Петрозаводск в этом корпусе произведений — это не конечный пункт, а только точка, звено пути. Оставшиеся в поезде пассажиры видят в окно привычную и ничем не примечательную картину: «...мимо проплыл обрубленный конец перрона, перепутанные рельсы, две женщины в малиновых платках с ломами и лопатами, длинный склад с лозунгом „СССР — оплот мира”, и поезд пошел дальше в Мурманск». Катарсические эпизоды рассказа развернутся непосредственно на острове, а пространная экспозиция, целиком базирующаяся в Петрозаводске, даст образ среднестатистического провинциального города без лица: «...вечером возвращаться, еще дом не найдешь, в таких городах все дома одинаковые...». Так в 1960–1970-е Петрозаводск для приезжающих и проезжающих писателей превращается в точку доступа к главной достопримечательности.
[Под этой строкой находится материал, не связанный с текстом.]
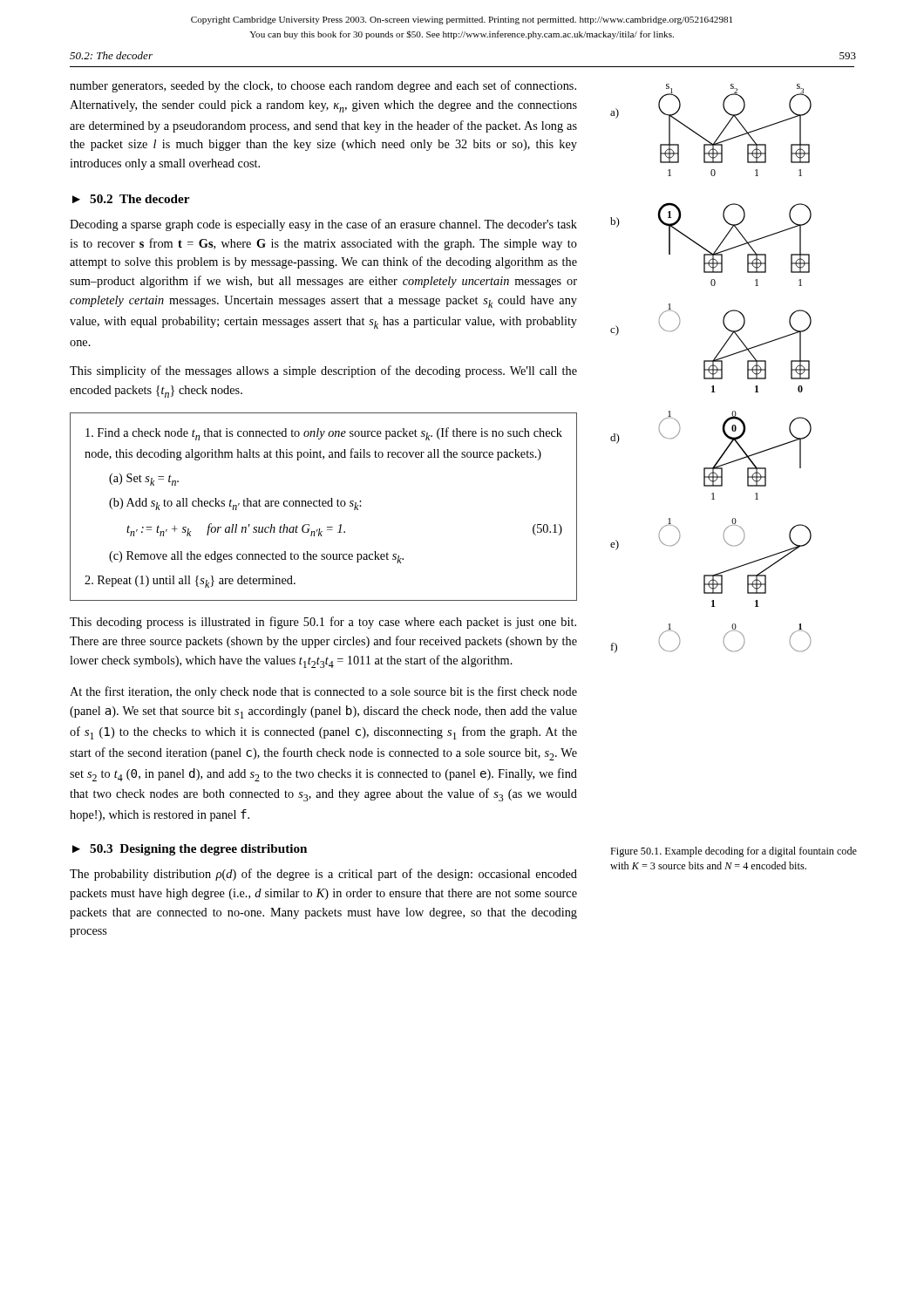Locate the section header containing "► 50.3 Designing the degree distribution"

click(x=189, y=849)

Маленький остров оказывается в смысловом и ценностном отношении больше целого города. Вразрез с общей тенденцией высказался только Юрий Нагибин в своем дневнике 1980 года: «Красивый город Петрозаводск, а Кижи разочаровали, уж слишком выставочный у них вид».
Лучшим из авторов, впрочем, время от времени удается разглядеть в минуты краткого свидания с Петрозаводском его черты и лицо. Если уж не в архитектурных красотах и ландшафте, так хоть в человеческих душах и характерах. Вот Дмитрию Александровичу Пригову, например, удалось рассмотреть. Его перу принадлежит маленький мадригал прекрасным жительницам города:
Как в Петрозаводске проездом я был
Там петрозаводку себе полюбил
Тогда говорил я ей: петрозаводка
Беги, дорогая, скорее за водкой
Нет, не побегу, — отвечала, — за водкой
Навеки запомнишь ты петрозаводку.
Особняком в этой дорожной литературе стоит только исторический роман Арви Пертту «Экспедиция Папанина» (2006, русский перевод Яны Жемойтелите — 2012), основное действие которого разворачивается в Петрозаводске. Сын еще одного финноязычного советского классика Пекки Пертту, ученика Паустовского, Арви Пертту обратился к одному из самых драматичных эпизодов в истории города, когда в 1930-е в Карелию из Америки приехали десятки семей финнов — строить коммунизм. В романе Пертту Петрозаводск впервые преодолевает привычную робкую провинциальность, становится городом большого мира, говорит на всех языках. «Калевала», Ленин, джаз, Бесси Смит, пикники, белые брюки, красивые люди... Короткая яркая вспышка и трагичный финал переселенцев, многие из которых очень быстро оказались в лагерях. Арви Пертту родился в Петрозаводске и, как многие петрозаводские финны, к началу нового тысячелетия уехал в Финляндию. Свой роман о Петрозаводске 1930-х Арви Пертту написал уже по ту сторону границы, но написал так, как это может сделать только человек, выросший в городе и знающий все его закоулки — и в разрезе пространства, и в разрезе исторического времени.
А так количественно пока перевешивает дорожно-туристическая тема. На железнодорожном вокзале начинается и там же заканчивается рассказ Ирины Мазурук «Кижи». Разговор героев Казакова происходит в вокзальном буфете. Букинистический магазин в Петрозаводске (вспоминая сон Гаспарова) располагается фактически на привокзальной площади. Пригов... Ах, да, раз уж речь все время возвращается к вокзалу, есть еще легенда, согласно которой в Петрозаводске, и, наверное, не раз, бывал Веничка Ерофеев. Проездом, как вы понимаете.